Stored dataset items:
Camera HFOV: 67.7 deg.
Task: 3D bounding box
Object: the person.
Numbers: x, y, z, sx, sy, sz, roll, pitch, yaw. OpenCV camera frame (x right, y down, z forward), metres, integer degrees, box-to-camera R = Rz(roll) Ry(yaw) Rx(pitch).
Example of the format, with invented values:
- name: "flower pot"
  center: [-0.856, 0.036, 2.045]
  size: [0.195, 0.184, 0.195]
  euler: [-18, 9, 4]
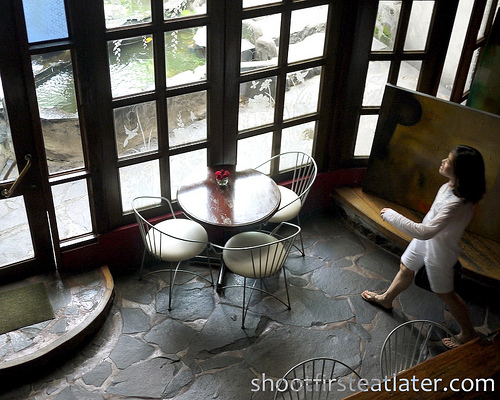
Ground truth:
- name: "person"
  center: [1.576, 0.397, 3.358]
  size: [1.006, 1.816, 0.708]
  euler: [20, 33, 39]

--

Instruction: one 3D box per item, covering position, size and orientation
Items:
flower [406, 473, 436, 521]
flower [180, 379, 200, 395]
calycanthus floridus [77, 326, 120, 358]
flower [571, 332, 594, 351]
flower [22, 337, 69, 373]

The task ▸ Find the string "flower" in the entries above. Copy each line where it occurs.

Final answer ▸
- name: "flower pot"
flower [406, 473, 436, 521]
flower [180, 379, 200, 395]
flower [571, 332, 594, 351]
flower [22, 337, 69, 373]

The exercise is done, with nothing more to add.